There are eleven assignments of error. The first and second allege the court erred in admitting testimony to show the application by the husband of the principal part of the proceeds of the note subsequent to the loan without showing that the bank had knowledge of such intended use of the money when the loan was made. This testimony bore directly upon the questions at issue. In this way the defendant showed that this part of the loan went to the use of the husband and corroborated the more direct testimony that at the time the loan was made the bank knew how it was to be applied and that the husband was the principal and his wife the surety on the note. In this connection it should be observed that the court told the jury that “the terms and the nature of the obligation is determined at the time that the loan was made, and the things that operate on the then contracting parties are the things that control the question of the validity of the obligation, not things which transpire afterwards.” The testimony, the subject of the fourth, sixth and seventh assignments, admitted under the same objection, was properly received. The plaintiff having offered the mortgage and evidence that it was paid for the purpose of showing that part of the loan in question went to the appellee, evidence was competent in rebuttal to show that this money was ap*564plied to the payment of the debt of the appellee’s husband. However, the testimony became immaterial in view of the fact that the court correctly instructed the jury that it mattered not whether the mortgage was given for the appellee’s debt or her husband’s debt, that it was binding on her in either case. The fifth assignment is without merit. The conversation between the cashier and the husband in the absence of the appellee could not bind the latter as to the purpose of the loan or as to whom it was to be made.

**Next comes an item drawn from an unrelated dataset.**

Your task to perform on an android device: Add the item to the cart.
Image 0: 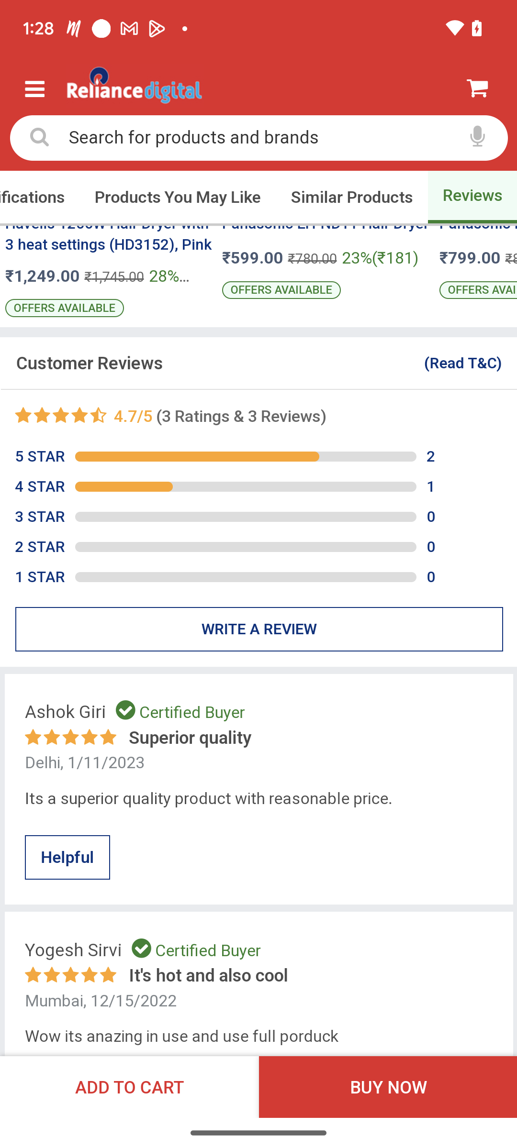
Click on the add to cart option on the left side of the bottom.
Step 0: click (130, 1087)

The eighth and ninth assignments complain of. certain excerpts from the charge in which the learned trial judge expressed his opinion as to the effect of some of the testimony, but when read with the context we do not think the opinion of the court withdrew the questions from the jury. Whether the bank knew at the time the loan was made where the money was to go and whether the appellee received any part of it, as suggested in the •excerpts complained of, were questions which were submitted to the jury on all the evidence and in a charge adequate both as to the law and the facts. In concluding his charge, the learned judge used the following language to which no exception was taken: “Now taking all these facts and circumstances, the question 'comes back home to us, who got this loan from the bank? To the knowledge of the bank, who was making this loan? For what purpose was the loan made, and what knowledge of that purpose did the bank have at the time?— because these things must affect the bank, and we must look for facts and circumstances that did play on the minds of both contracting parties. If Tirilla Lowery, for the purpose of giving a security for a loan that her husband had arranged for his own benefit, and to the knowledge of the bank that it was for his benefit, — if she so signed this note, she is surety only, and being a surety, the note as to her is a nullity. But if the loan was, in truth and in fact, made to her, as the cashier states, and she was the intended beneficiary of it, then *565she would be a principal and can be held liable. According as you determine these issues of fact, you determine the case in favor of the plaintiff or in favor of the defendant.”

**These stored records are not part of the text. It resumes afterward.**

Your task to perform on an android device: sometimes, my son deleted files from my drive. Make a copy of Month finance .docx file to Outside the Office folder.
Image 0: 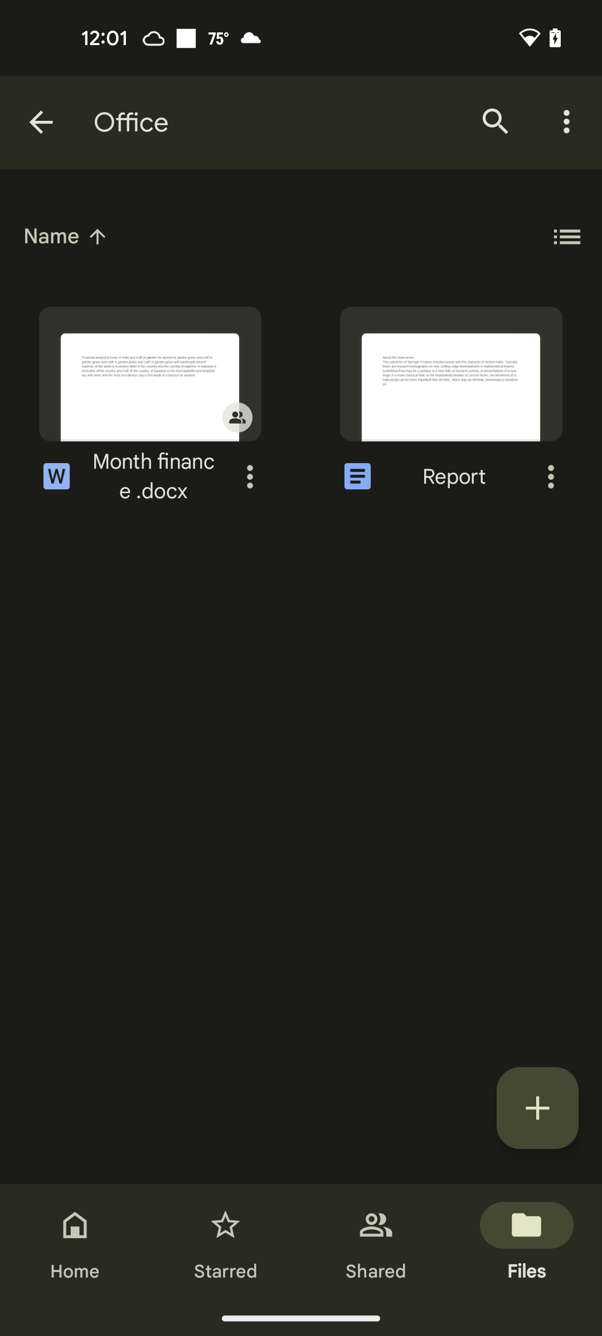
Click on the three dots in the Month finance .docx
Step 0: click (250, 477)
Image 1: 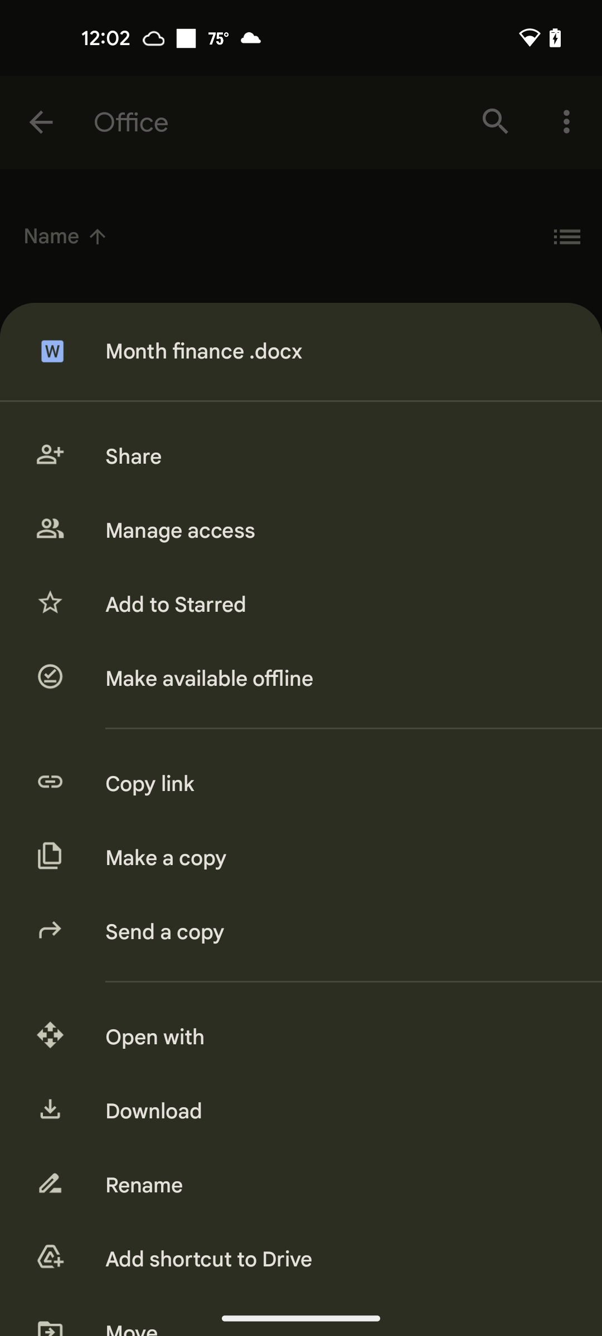
Click on the Make a copy
Step 1: click (336, 858)
Image 2: 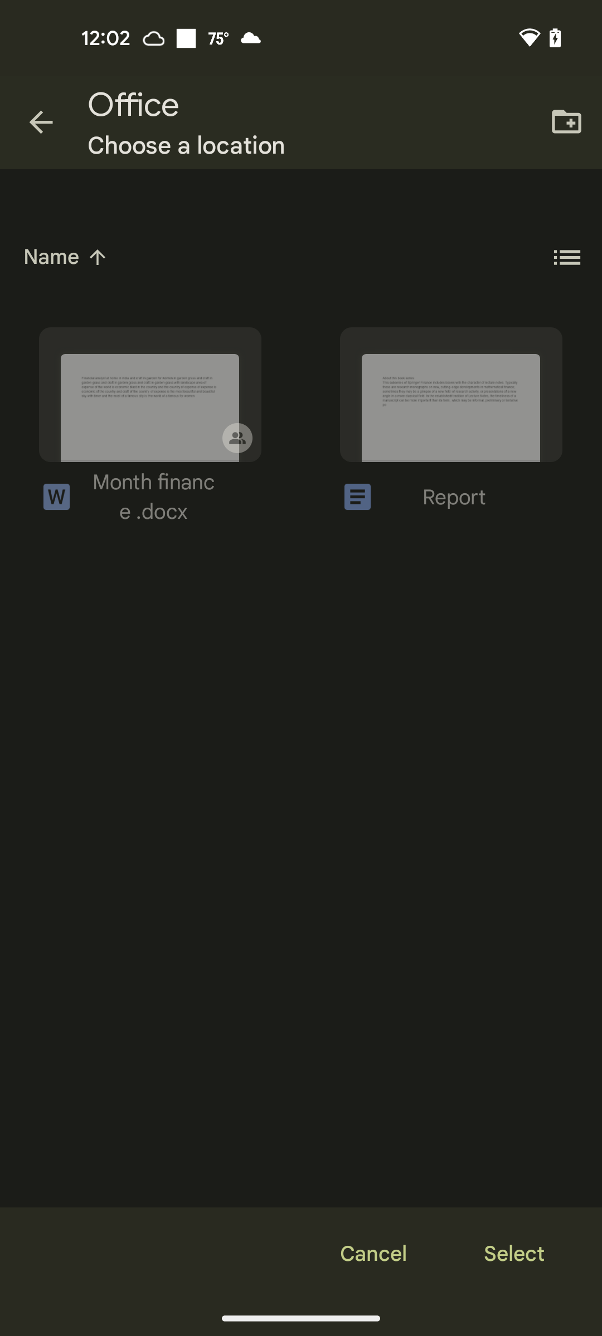
Click on the left arrow key at the top left of the screen
Step 2: click (41, 122)
Image 3: 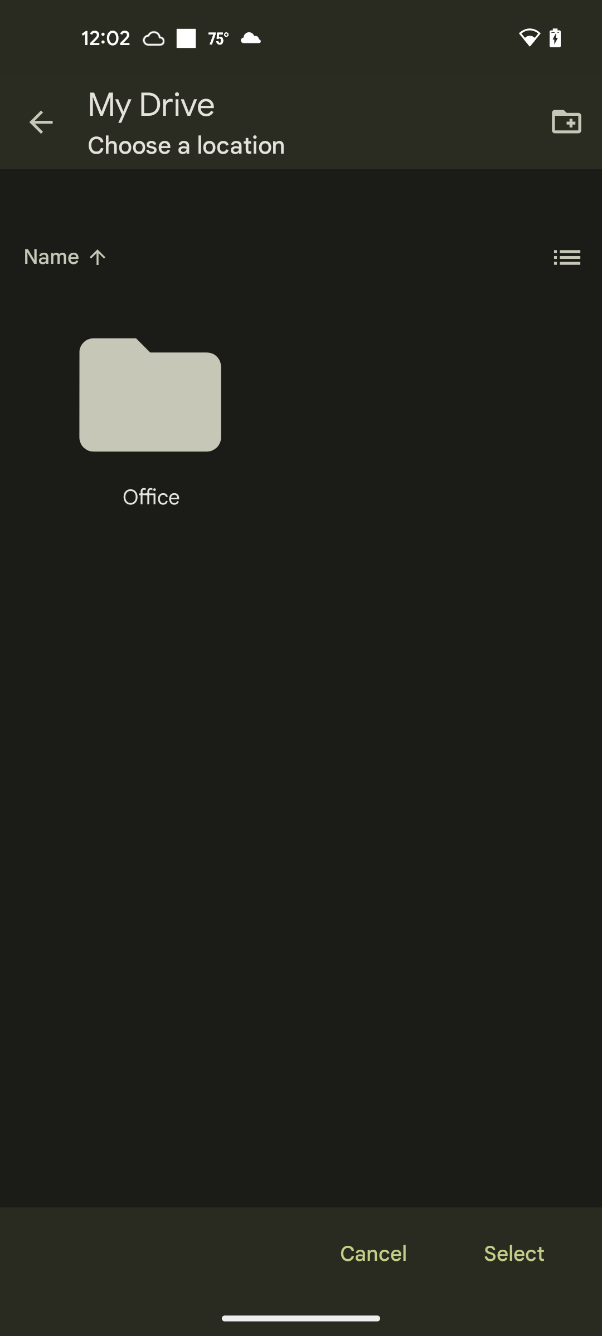
Click on the Select at the bottom right of the screen
Step 3: click (514, 1254)

The third assignment alleges error in overruling the plaintiff’s objection to the defendant calling F. R. Rankin, cashier of the plaintiff bank, as if under cross-examination, and in requiring him to testify as if under cross-examination. The witness was called under the Act of March 80, 1911, P. L. 85, which provides that “any director or other officer” of a corporation may be called to testify as if under cross-examination. The purpose of the act is to make the representative of a corporation, transacting its affairs, subject to cross-examination like an individual litigant under similar circumstances. Prior to this legislation a corporation could call its individual opponent as if on cross-examination but the latter could not call the corporation’s officer with whom he had dealt. The act was passed to prevent this inequality between the parties. The reason requiring a director of a bank to submit to cross-examination applies with equal force to the cashier. He is a representative of the bank within the duties intrusted to him as much as a director or any other officer, and we think he is an “officer” within the meaning of the statute. The tenth and eleventh assignments complain of the court’s refusal to give binding instructions for the plaintiff. The case was clearly for the jury, and these assignments cannot be sustained.
Judgment affirmed.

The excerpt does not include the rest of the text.